According to recent reports, Scotland has a desperate need for more beekeepers due to the production of honey becoming a rare commodity in various areas as of late, experts have said. This year’s crop of honey this past summer has been a “virtual failure” because of the weather, and a jump in prices is expected. Iconic Scottish heather honey is in high demand, and consumers are buying up the supply too fast for beekeepers to keep up, so they are calling for more support and are encouraging beekeepers to go areas where production is slight or nonexistent.
There are less than 30 commercial beekeepers in Scotland, and only about 12 of them are full-time honey sellers. Luckily, this cry for help is just in time for the biggest honey show on the planet, which takes place in Surrey, and is an annual week-long honey celebration. John Mellis, the director of the Bee Farmers’ Association (BFA) in Scotland, says, “There are very few people making a living keeping bees in Scotland.
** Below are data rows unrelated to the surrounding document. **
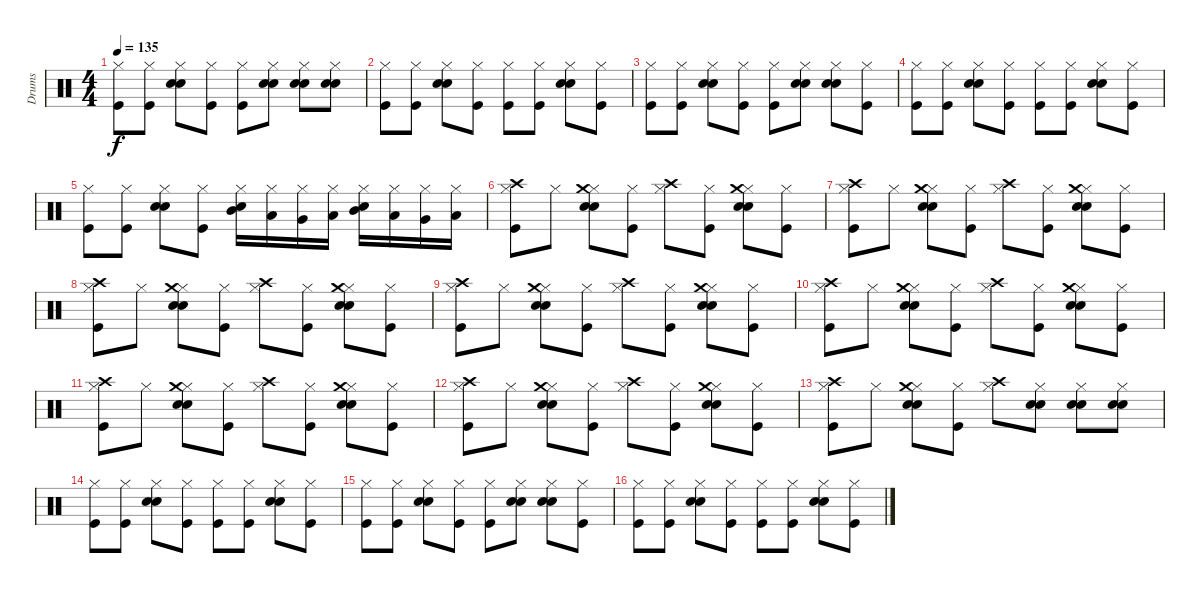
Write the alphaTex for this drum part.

\track ("Drums" "Drums") {instrument percussion}
\staff {score}
\articulation defaults
\ts (4 4)
\tempo 135
\clef neutral
\ks c
("Hi-Hat (closed)" "Kick (hit)").8{dy f} ("Hi-Hat (closed)" "Kick (hit)").8 ("Hi-Hat (closed)" "Hand Clap (hit)" "Electric Snare (hit)").8 ("Hi-Hat (closed)" "Kick (hit)").8 ("Hi-Hat (closed)" "Kick (hit)").8 ("Hi-Hat (closed)" "Hand Clap (hit)" "Snare (hit) 2").8 ("Hi-Hat (closed)" "Hand Clap (hit)" "Snare (hit) 2").8 ("Hi-Hat (closed)" "Hand Clap (hit)" "Snare (hit) 2").8 |
("Hi-Hat (closed)" "Kick (hit)").8 ("Hi-Hat (closed)" "Kick (hit)").8 ("Hi-Hat (closed)" "Hand Clap (hit)" "Electric Snare (hit)").8 ("Hi-Hat (closed)" "Kick (hit)").8 ("Hi-Hat (closed)" "Kick (hit)").8 ("Hi-Hat (closed)" "Kick (hit)").8 ("Hi-Hat (closed)" "Hand Clap (hit)" "Electric Snare (hit)").8 ("Hi-Hat (closed)" "Kick (hit)").8 |
("Hi-Hat (closed)" "Kick (hit)").8 ("Hi-Hat (closed)" "Kick (hit)").8 ("Hi-Hat (closed)" "Hand Clap (hit)" "Electric Snare (hit)").8 ("Hi-Hat (closed)" "Kick (hit)").8 ("Hi-Hat (closed)" "Kick (hit)").8 ("Hi-Hat (closed)" "Hand Clap (hit)" "Snare (hit) 2").8 ("Hi-Hat (closed)" "Hand Clap (hit)" "Snare (hit) 2").8 ("Hi-Hat (closed)" "Kick (hit)").8 |
("Hi-Hat (closed)" "Kick (hit)").8 ("Hi-Hat (closed)" "Kick (hit)").8 ("Hi-Hat (closed)" "Hand Clap (hit)" "Electric Snare (hit)").8 ("Hi-Hat (closed)" "Kick (hit)").8 ("Hi-Hat (closed)" "Kick (hit)").8 ("Hi-Hat (closed)" "Kick (hit)").8 ("Hi-Hat (closed)" "Hand Clap (hit)" "Electric Snare (hit)").8 ("Hi-Hat (closed)" "Kick (hit)").8 |
("Hi-Hat (closed)" "Kick (hit)").8 ("Hi-Hat (closed)" "Kick (hit)").8 ("Hi-Hat (closed)" "Hand Clap (hit)" "Electric Snare (hit)").8 ("Hi-Hat (closed)" "Kick (hit)").8 ("Hi-Hat (closed)" "Mid Tom (hit)" "Snare (hit) 2").16 ("Hi-Hat (closed)" "Low Tom (hit)").16 ("Hi-Hat (closed)" "Very Low Tom (hit)").16 ("Hi-Hat (closed)" "Low Floor Tom (hit)").16 ("Hi-Hat (closed)" "Mid Tom (hit)" "Snare (hit) 2").16 ("Hi-Hat (closed)" "Low Tom (hit)").16 ("Hi-Hat (closed)" "Very Low Tom (hit)").16 ("Hi-Hat (closed)" "Low Floor Tom (hit)").16 |
("Hi-Hat (closed)" "Crash high (hit)" "Kick (hit)").8 "Hi-Hat (closed)".8 ("Hi-Hat (closed)" "Crash medium (hit)" "Hand Clap (hit)" "Snare (hit) 2").8 ("Hi-Hat (closed)" "Kick (hit)").8 ("Hi-Hat (closed)" "Crash high (hit)").8 ("Hi-Hat (closed)" "Kick (hit)").8 ("Hi-Hat (closed)" "Crash medium (hit)" "Hand Clap (hit)" "Snare (hit) 2").8 ("Hi-Hat (closed)" "Kick (hit)").8 |
("Hi-Hat (closed)" "Crash high (hit)" "Kick (hit)").8 "Hi-Hat (closed)".8 ("Hi-Hat (closed)" "Crash medium (hit)" "Hand Clap (hit)" "Snare (hit) 2").8 ("Hi-Hat (closed)" "Kick (hit)").8 ("Hi-Hat (closed)" "Crash high (hit)").8 ("Hi-Hat (closed)" "Kick (hit)").8 ("Hi-Hat (closed)" "Crash medium (hit)" "Hand Clap (hit)" "Snare (hit) 2").8 ("Hi-Hat (closed)" "Kick (hit)").8 |
("Hi-Hat (closed)" "Crash high (hit)" "Kick (hit)").8 "Hi-Hat (closed)".8 ("Hi-Hat (closed)" "Crash medium (hit)" "Hand Clap (hit)" "Snare (hit) 2").8 ("Hi-Hat (closed)" "Kick (hit)").8 ("Hi-Hat (closed)" "Crash high (hit)").8 ("Hi-Hat (closed)" "Kick (hit)").8 ("Hi-Hat (closed)" "Crash medium (hit)" "Hand Clap (hit)" "Snare (hit) 2").8 ("Hi-Hat (closed)" "Kick (hit)").8 |
("Hi-Hat (closed)" "Crash high (hit)" "Kick (hit)").8 "Hi-Hat (closed)".8 ("Hi-Hat (closed)" "Crash medium (hit)" "Hand Clap (hit)" "Snare (hit) 2").8 ("Hi-Hat (closed)" "Kick (hit)").8 ("Hi-Hat (closed)" "Crash high (hit)").8 ("Hi-Hat (closed)" "Kick (hit)").8 ("Hi-Hat (closed)" "Crash medium (hit)" "Hand Clap (hit)" "Snare (hit) 2").8 ("Hi-Hat (closed)" "Kick (hit)").8 |
("Hi-Hat (closed)" "Crash high (hit)" "Kick (hit)").8 "Hi-Hat (closed)".8 ("Hi-Hat (closed)" "Crash medium (hit)" "Hand Clap (hit)" "Snare (hit) 2").8 ("Hi-Hat (closed)" "Kick (hit)").8 ("Hi-Hat (closed)" "Crash high (hit)").8 ("Hi-Hat (closed)" "Kick (hit)").8 ("Hi-Hat (closed)" "Crash medium (hit)" "Hand Clap (hit)" "Snare (hit) 2").8 ("Hi-Hat (closed)" "Kick (hit)").8 |
("Hi-Hat (closed)" "Crash high (hit)" "Kick (hit)").8 "Hi-Hat (closed)".8 ("Hi-Hat (closed)" "Crash medium (hit)" "Hand Clap (hit)" "Snare (hit) 2").8 ("Hi-Hat (closed)" "Kick (hit)").8 ("Hi-Hat (closed)" "Crash high (hit)").8 ("Hi-Hat (closed)" "Kick (hit)").8 ("Hi-Hat (closed)" "Crash medium (hit)" "Hand Clap (hit)" "Snare (hit) 2").8 ("Hi-Hat (closed)" "Kick (hit)").8 |
("Hi-Hat (closed)" "Crash high (hit)" "Kick (hit)").8 "Hi-Hat (closed)".8 ("Hi-Hat (closed)" "Crash medium (hit)" "Hand Clap (hit)" "Snare (hit) 2").8 ("Hi-Hat (closed)" "Kick (hit)").8 ("Hi-Hat (closed)" "Crash high (hit)").8 ("Hi-Hat (closed)" "Kick (hit)").8 ("Hi-Hat (closed)" "Crash medium (hit)" "Hand Clap (hit)" "Snare (hit) 2").8 ("Hi-Hat (closed)" "Kick (hit)").8 |
("Hi-Hat (closed)" "Crash high (hit)" "Kick (hit)").8 "Hi-Hat (closed)".8 ("Hi-Hat (closed)" "Crash medium (hit)" "Hand Clap (hit)" "Snare (hit) 2").8 ("Hi-Hat (closed)" "Kick (hit)").8 ("Hi-Hat (closed)" "Crash high (hit)").8 ("Hi-Hat (closed)" "Hand Clap (hit)" "Snare (hit) 2").8 ("Hi-Hat (closed)" "Hand Clap (hit)" "Snare (hit) 2").8 ("Hi-Hat (closed)" "Hand Clap (hit)" "Snare (hit) 2").8 |
("Hi-Hat (closed)" "Kick (hit)").8 ("Hi-Hat (closed)" "Kick (hit)").8 ("Hi-Hat (closed)" "Hand Clap (hit)" "Electric Snare (hit)").8 ("Hi-Hat (closed)" "Kick (hit)").8 ("Hi-Hat (closed)" "Kick (hit)").8 ("Hi-Hat (closed)" "Kick (hit)").8 ("Hi-Hat (closed)" "Hand Clap (hit)" "Electric Snare (hit)").8 ("Hi-Hat (closed)" "Kick (hit)").8 |
("Hi-Hat (closed)" "Kick (hit)").8 ("Hi-Hat (closed)" "Kick (hit)").8 ("Hi-Hat (closed)" "Hand Clap (hit)" "Electric Snare (hit)").8 ("Hi-Hat (closed)" "Kick (hit)").8 ("Hi-Hat (closed)" "Kick (hit)").8 ("Hi-Hat (closed)" "Hand Clap (hit)" "Snare (hit) 2").8 ("Hi-Hat (closed)" "Hand Clap (hit)" "Snare (hit) 2").8 ("Hi-Hat (closed)" "Kick (hit)").8 |
("Hi-Hat (closed)" "Kick (hit)").8 ("Hi-Hat (closed)" "Kick (hit)").8 ("Hi-Hat (closed)" "Hand Clap (hit)" "Electric Snare (hit)").8 ("Hi-Hat (closed)" "Kick (hit)").8 ("Hi-Hat (closed)" "Kick (hit)").8 ("Hi-Hat (closed)" "Kick (hit)").8 ("Hi-Hat (closed)" "Hand Clap (hit)" "Electric Snare (hit)").8 ("Hi-Hat (closed)" "Kick (hit)").8

It is a tiny number of people producing something that is very important to the shops—the heather honey is what the tourists want to buy, and there are only a few of us producing it.” The BFA wants more professional beekeepers in the area to keep up with the demand, and the BFA has many apprenticeship opportunities available to encourage the younger generation to take up beekeeping.
The BFA is calling for grants and loans to help make this happen, as it takes an average of 50,000 pounds to start a bee farm with 200 hives, which equates to over $60,500. If funding was available, then the number of beekeepers in Scotland could increase. The dismal honey production is also an issue of weather; if there’s a shortage of rain, then flowers don’t bloom as much as they should so pollen is scare, and this leads to poor honey production. In Scotland, below average honey yields have been occurring for the last six to seven years.
Bron Wright, the president of the Scottish Beekeeper’s Association, said, “We think Scottish heather honey is absolutely as good as Manuka honey—there is a huge demand, and it goes flying off the shelves when it is there. We value the role bee farmers play and encourage anyone who is interested in the industry to see what support they are eligible for under Scotland’s Rural Development Plan.”